▶ _TASK DIRECTIONS_:
Images in the entries are to be skipped, and everything else is to be written out exactly.

▶ _RECORD EXCERPTS_:
● ● ● ●

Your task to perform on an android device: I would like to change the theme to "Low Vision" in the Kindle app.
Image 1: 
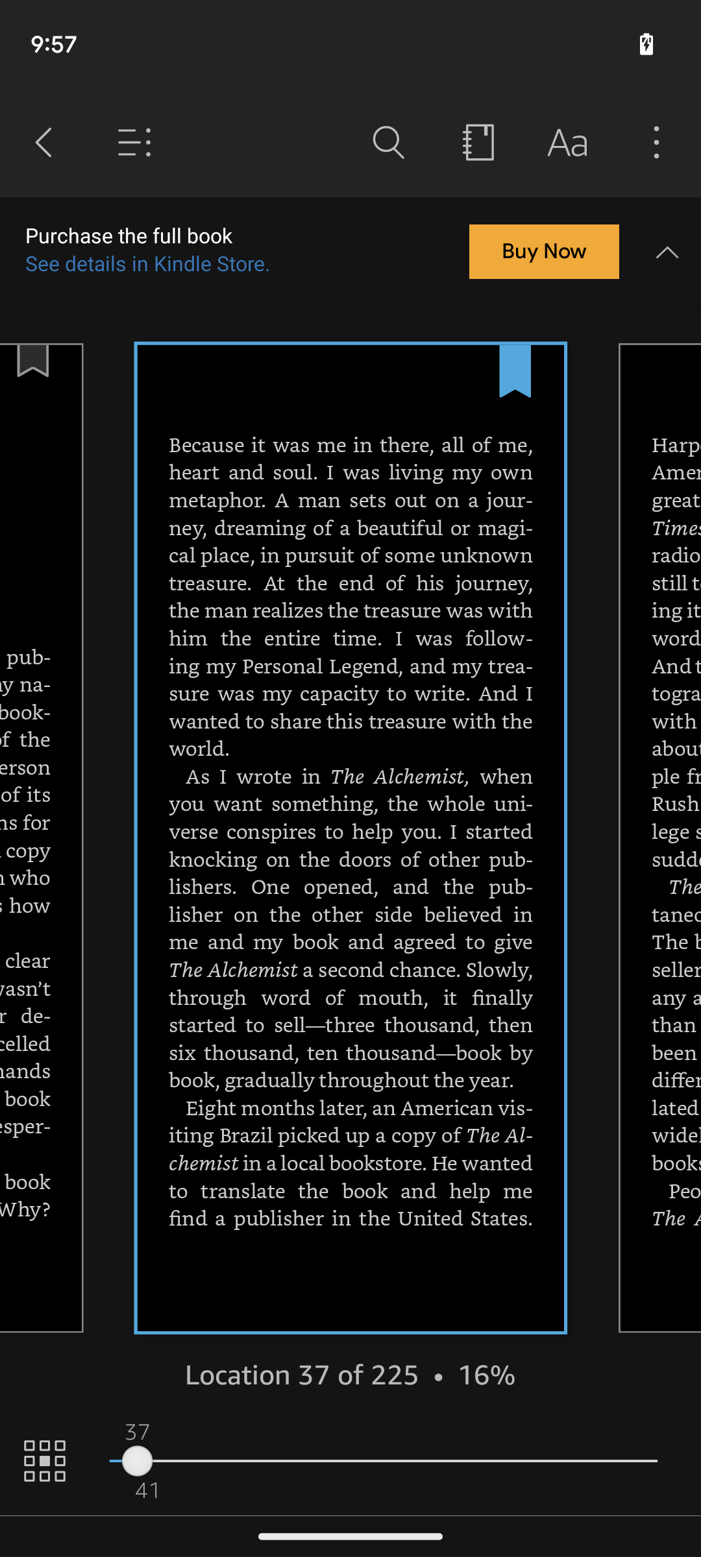
Click on the "Aa" icon on the top right side of the screen.
Step 1: click (567, 143)
Image 2: 
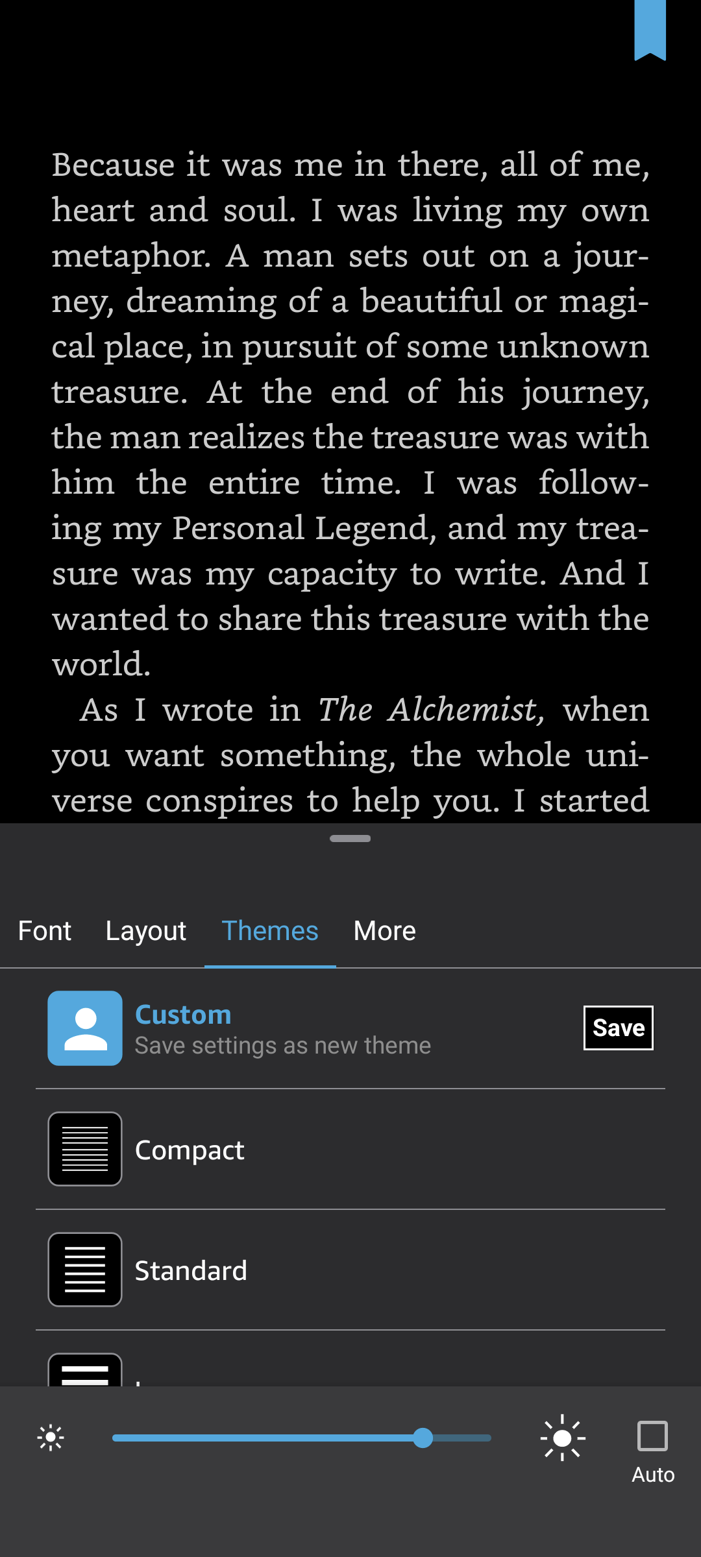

● ● ● ●

▶ _ANSWER AREA_:
Your task to perform on an android device: I would like to change the theme to "Low Vision" in the Kindle app.
Image 1: 
Click on the "Aa" icon on the top right side of the screen.
Step 1: click (567, 143)
Image 2: 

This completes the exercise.